AVS 61st International Symposium & Exhibition
    2D Materials Focus Topic Wednesday Sessions
       Session 2D+EM+NS+SS+TF-WeM

Paper 2D+EM+NS+SS+TF-WeM4
Growth, Structure, and Properties of 2D SiO2 Polymorphs

Wednesday, November 12, 2014, 9:00 am, Room 310

Session: Novel 2D Materials 
Presenter: Eric Altman, Yale University
Authors: E.I. Altman, Yale University
J. Götzen, Yale University
X. Zhu, Yale University
A. Sonnenfeld, Yale University
U.D. Schwarz, Yale University
Correspondent: Click to Email
Recently it has been shown that SiO2 can form closed 2D bilayers; because the layers have no dangling bonds they are expected to interact solely through van der Waals interactions. Despite the expected weak interactions, hexagonal crystalline bilayers on Pd(100) are stretched 4% to match the lattice constant of the substrate. Both electron diffraction and STM reveal that the size of the crystalline domains is limited along Pd[011] and one of the other bilayer close-packed directions but was long along the third one. The formation of regular domain boundaries on the square Pd substrate is attributed to stress relief in the crystalline layer. Ab initio calculations indicate that much of the remaining strain energy can be relieved by allowing the film to relax along the incommensurate direction. In this way the square substrate actually aids the templating of the overlayer despite the severe geometric mismatch. The calculations also indicate that the bilayer is surprisingly compliant, explaining the lattice matching despite the weak interaction and poor match. Amorphous bilayers could also be prepared on Pd(100). Atomic-scale features in STM images of the amorphous film could be associated with 4-9 membered rings of corner-sharing SiO4 tetrahedra.
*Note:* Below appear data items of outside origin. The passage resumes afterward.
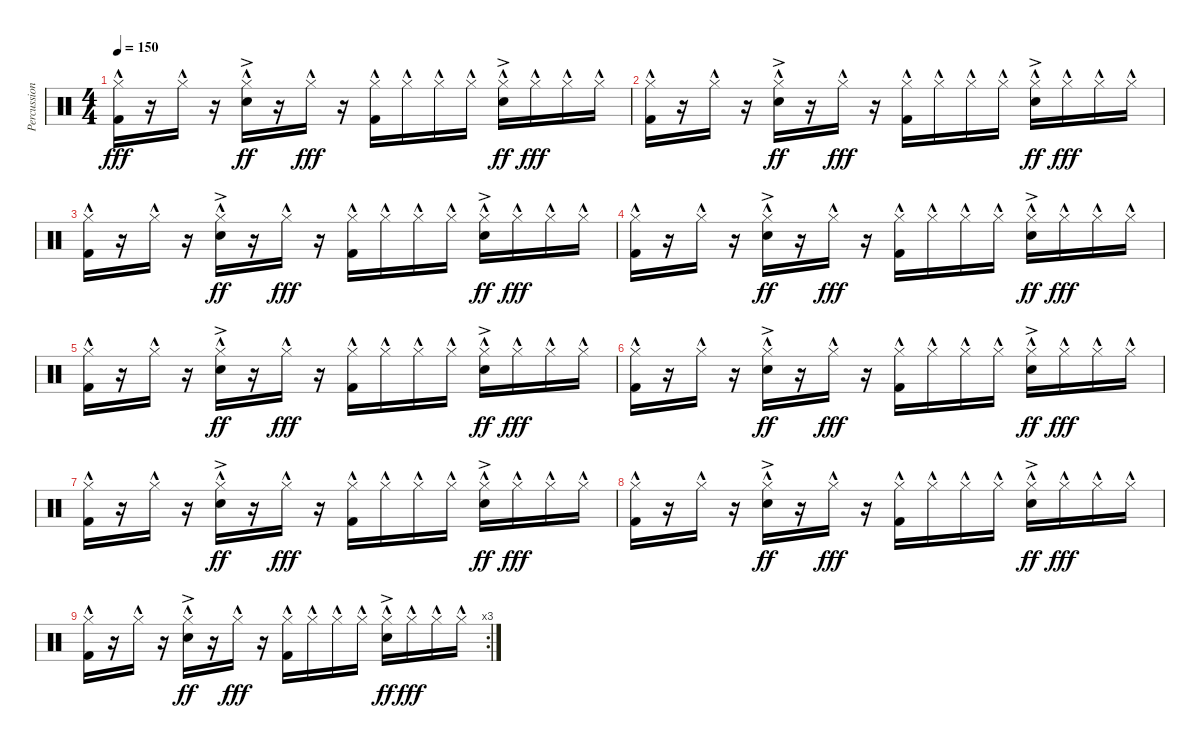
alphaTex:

\track ("Percussion" "Percussion") {instrument percussion}
\staff {score}
\articulation defaults
\ts (4 4)
\tempo 150
\clef neutral
\ks c
("Hi-Hat (closed)"{hac} "Kick (hit) 2"{hac}).16{dy fff} r.16 "Hi-Hat (closed)"{hac}.16 r.16 ("Hi-Hat (closed)"{hac} "Snare (hit) 2"{ac}).16{dy ff} r.16 "Hi-Hat (closed)"{hac}.16{dy fff} r.16 ("Hi-Hat (closed)"{hac} "Kick (hit) 2"{hac}).16 "Hi-Hat (closed)"{hac}.16 "Hi-Hat (closed)"{hac}.16 "Hi-Hat (closed)"{hac}.16 ("Hi-Hat (closed)"{hac} "Snare (hit) 2"{ac}).16{dy ff} "Hi-Hat (closed)"{hac}.16{dy fff} "Hi-Hat (closed)"{hac}.16 "Hi-Hat (closed)"{hac}.16 |
("Hi-Hat (closed)"{hac} "Kick (hit) 2"{hac}).16 r.16 "Hi-Hat (closed)"{hac}.16 r.16 ("Hi-Hat (closed)"{hac} "Snare (hit) 2"{ac}).16{dy ff} r.16 "Hi-Hat (closed)"{hac}.16{dy fff} r.16 ("Hi-Hat (closed)"{hac} "Kick (hit) 2"{hac}).16 "Hi-Hat (closed)"{hac}.16 "Hi-Hat (closed)"{hac}.16 "Hi-Hat (closed)"{hac}.16 ("Hi-Hat (closed)"{hac} "Snare (hit) 2"{ac}).16{dy ff} "Hi-Hat (closed)"{hac}.16{dy fff} "Hi-Hat (closed)"{hac}.16 "Hi-Hat (closed)"{hac}.16 |
("Hi-Hat (closed)"{hac} "Kick (hit) 2"{hac}).16 r.16 "Hi-Hat (closed)"{hac}.16 r.16 ("Hi-Hat (closed)"{hac} "Snare (hit) 2"{ac}).16{dy ff} r.16 "Hi-Hat (closed)"{hac}.16{dy fff} r.16 ("Hi-Hat (closed)"{hac} "Kick (hit) 2"{hac}).16 "Hi-Hat (closed)"{hac}.16 "Hi-Hat (closed)"{hac}.16 "Hi-Hat (closed)"{hac}.16 ("Hi-Hat (closed)"{hac} "Snare (hit) 2"{ac}).16{dy ff} "Hi-Hat (closed)"{hac}.16{dy fff} "Hi-Hat (closed)"{hac}.16 "Hi-Hat (closed)"{hac}.16 |
("Hi-Hat (closed)"{hac} "Kick (hit) 2"{hac}).16 r.16 "Hi-Hat (closed)"{hac}.16 r.16 ("Hi-Hat (closed)"{hac} "Snare (hit) 2"{ac}).16{dy ff} r.16 "Hi-Hat (closed)"{hac}.16{dy fff} r.16 ("Hi-Hat (closed)"{hac} "Kick (hit) 2"{hac}).16 "Hi-Hat (closed)"{hac}.16 "Hi-Hat (closed)"{hac}.16 "Hi-Hat (closed)"{hac}.16 ("Hi-Hat (closed)"{hac} "Snare (hit) 2"{ac}).16{dy ff} "Hi-Hat (closed)"{hac}.16{dy fff} "Hi-Hat (closed)"{hac}.16 "Hi-Hat (closed)"{hac}.16 |
("Hi-Hat (closed)"{hac} "Kick (hit) 2"{hac}).16 r.16 "Hi-Hat (closed)"{hac}.16 r.16 ("Hi-Hat (closed)"{hac} "Snare (hit) 2"{ac}).16{dy ff} r.16 "Hi-Hat (closed)"{hac}.16{dy fff} r.16 ("Hi-Hat (closed)"{hac} "Kick (hit) 2"{hac}).16 "Hi-Hat (closed)"{hac}.16 "Hi-Hat (closed)"{hac}.16 "Hi-Hat (closed)"{hac}.16 ("Hi-Hat (closed)"{hac} "Snare (hit) 2"{ac}).16{dy ff} "Hi-Hat (closed)"{hac}.16{dy fff} "Hi-Hat (closed)"{hac}.16 "Hi-Hat (closed)"{hac}.16 |
("Hi-Hat (closed)"{hac} "Kick (hit) 2"{hac}).16 r.16 "Hi-Hat (closed)"{hac}.16 r.16 ("Hi-Hat (closed)"{hac} "Snare (hit) 2"{ac}).16{dy ff} r.16 "Hi-Hat (closed)"{hac}.16{dy fff} r.16 ("Hi-Hat (closed)"{hac} "Kick (hit) 2"{hac}).16 "Hi-Hat (closed)"{hac}.16 "Hi-Hat (closed)"{hac}.16 "Hi-Hat (closed)"{hac}.16 ("Hi-Hat (closed)"{hac} "Snare (hit) 2"{ac}).16{dy ff} "Hi-Hat (closed)"{hac}.16{dy fff} "Hi-Hat (closed)"{hac}.16 "Hi-Hat (closed)"{hac}.16 |
("Hi-Hat (closed)"{hac} "Kick (hit) 2"{hac}).16 r.16 "Hi-Hat (closed)"{hac}.16 r.16 ("Hi-Hat (closed)"{hac} "Snare (hit) 2"{ac}).16{dy ff} r.16 "Hi-Hat (closed)"{hac}.16{dy fff} r.16 ("Hi-Hat (closed)"{hac} "Kick (hit) 2"{hac}).16 "Hi-Hat (closed)"{hac}.16 "Hi-Hat (closed)"{hac}.16 "Hi-Hat (closed)"{hac}.16 ("Hi-Hat (closed)"{hac} "Snare (hit) 2"{ac}).16{dy ff} "Hi-Hat (closed)"{hac}.16{dy fff} "Hi-Hat (closed)"{hac}.16 "Hi-Hat (closed)"{hac}.16 |
("Hi-Hat (closed)"{hac} "Kick (hit) 2"{hac}).16 r.16 "Hi-Hat (closed)"{hac}.16 r.16 ("Hi-Hat (closed)"{hac} "Snare (hit) 2"{ac}).16{dy ff} r.16 "Hi-Hat (closed)"{hac}.16{dy fff} r.16 ("Hi-Hat (closed)"{hac} "Kick (hit) 2"{hac}).16 "Hi-Hat (closed)"{hac}.16 "Hi-Hat (closed)"{hac}.16 "Hi-Hat (closed)"{hac}.16 ("Hi-Hat (closed)"{hac} "Snare (hit) 2"{ac}).16{dy ff} "Hi-Hat (closed)"{hac}.16{dy fff} "Hi-Hat (closed)"{hac}.16 "Hi-Hat (closed)"{hac}.16 |
\rc 3
("Hi-Hat (closed)"{hac} "Kick (hit) 2"{hac}).16 r.16 "Hi-Hat (closed)"{hac}.16 r.16 ("Hi-Hat (closed)"{hac} "Snare (hit) 2"{ac}).16{dy ff} r.16 "Hi-Hat (closed)"{hac}.16{dy fff} r.16 ("Hi-Hat (closed)"{hac} "Kick (hit) 2"{hac}).16 "Hi-Hat (closed)"{hac}.16 "Hi-Hat (closed)"{hac}.16 "Hi-Hat (closed)"{hac}.16 ("Hi-Hat (closed)"{hac} "Snare (hit) 2"{ac}).16{dy ff} "Hi-Hat (closed)"{hac}.16{dy fff} "Hi-Hat (closed)"{hac}.16 "Hi-Hat (closed)"{hac}.16
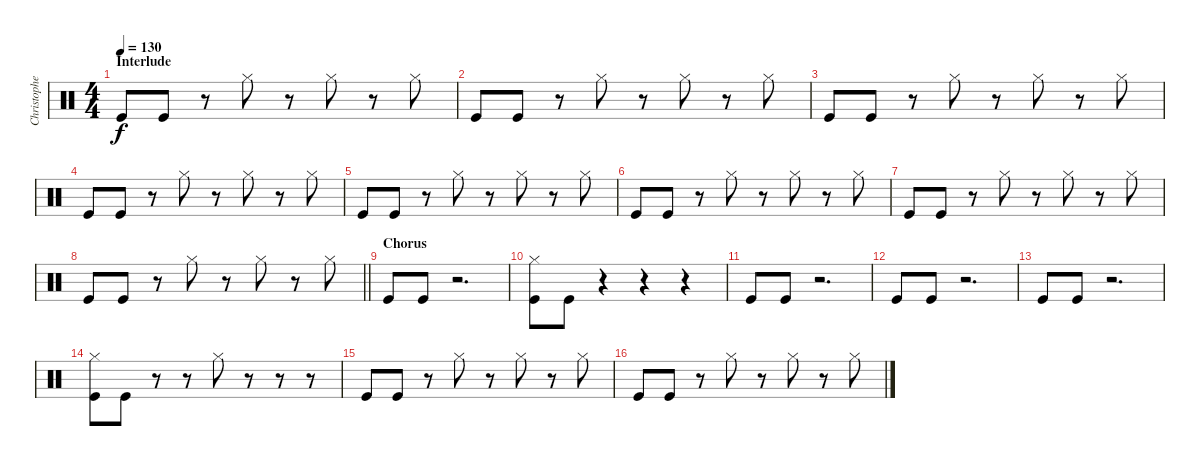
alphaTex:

\track ("Christopher - Drums" "Christophe") {instrument percussion}
\staff {score}
\articulation defaults
\ts (4 4)
\section ("" "Interlude")
\tempo 130
\clef neutral
\ks c "Kick (hit)".8{dy f} "Kick (hit)".8
r.8 "Hi-Hat (closed)".8 r.8 "Hi-Hat (closed)".8 r.8 "Hi-Hat (closed)".8 |
"Kick (hit)".8 "Kick (hit)".8 r.8 "Hi-Hat (closed)".8 r.8 "Hi-Hat (closed)".8 r.8 "Hi-Hat (closed)".8 |
"Kick (hit)".8 "Kick (hit)".8 r.8 "Hi-Hat (closed)".8 r.8 "Hi-Hat (closed)".8 r.8 "Hi-Hat (closed)".8 |
"Kick (hit)".8 "Kick (hit)".8 r.8 "Hi-Hat (closed)".8 r.8 "Hi-Hat (closed)".8 r.8 "Hi-Hat (closed)".8 |
"Kick (hit)".8 "Kick (hit)".8 r.8 "Hi-Hat (closed)".8 r.8 "Hi-Hat (closed)".8 r.8 "Hi-Hat (closed)".8 |
"Kick (hit)".8 "Kick (hit)".8 r.8 "Hi-Hat (closed)".8 r.8 "Hi-Hat (closed)".8 r.8 "Hi-Hat (closed)".8 |
"Kick (hit)".8 "Kick (hit)".8 r.8 "Hi-Hat (closed)".8 r.8 "Hi-Hat (closed)".8 r.8 "Hi-Hat (closed)".8 |
\barLineRight lightlight "Kick (hit)".8 "Kick (hit)".8
r.8 "Hi-Hat (closed)".8 r.8 "Hi-Hat (closed)".8 r.8 "Hi-Hat (closed)".8 |
\section ("" "Chorus")
"Kick (hit)".8 "Kick (hit)".8 r.2{d} |
("Hi-Hat (closed)" "Kick (hit)").8 "Kick (hit)".8 r.4 r.4 r.4 |
"Kick (hit)".8 "Kick (hit)".8 r.2{d} |
"Kick (hit)".8 "Kick (hit)".8 r.2{d} |
"Kick (hit)".8 "Kick (hit)".8 r.2{d} |
("Hi-Hat (closed)" "Kick (hit)").8 "Kick (hit)".8 r.8 r.8 "Hi-Hat (closed)".8 r.8 r.8 r.8 |
"Kick (hit)".8 "Kick (hit)".8 r.8 "Hi-Hat (closed)".8 r.8 "Hi-Hat (closed)".8 r.8 "Hi-Hat (closed)".8 |
"Kick (hit)".8 "Kick (hit)".8 r.8 "Hi-Hat (closed)".8 r.8 "Hi-Hat (closed)".8 r.8 "Hi-Hat (closed)".8

In addition to the structural heterogeneity, spectroscopic STM imaging revealed electronic heterogeneity with oxygen sites joining larger rings of corner-sharing SiO4 tetrahedra fading at low bias; spectra revealed two distinct electronic states responsible for this phenomenon. MBE growth of silica bilayers on graphene layers grown on epitaxial Ru on sapphire will also be discussed.